* [Activity]
Type out the data exactly as given. Skip any image.

*** Opening Given material ***

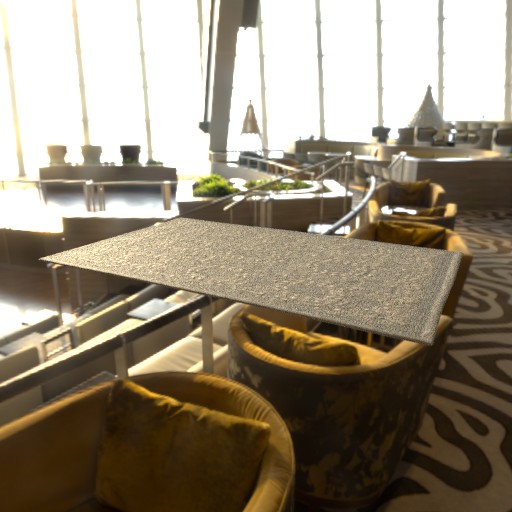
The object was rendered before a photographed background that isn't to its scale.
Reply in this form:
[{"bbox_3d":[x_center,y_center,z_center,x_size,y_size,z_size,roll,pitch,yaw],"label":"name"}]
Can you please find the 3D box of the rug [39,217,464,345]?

*** Closing Given material ***

* [Response]
The object was rendered before a photographed background that isn't to its scale.
Reply in this form:
[{"bbox_3d":[x_center,y_center,z_center,x_size,y_size,z_size,roll,pitch,yaw],"label":"name"}]
Can you please find the 3D box of the rug [39,217,464,345]?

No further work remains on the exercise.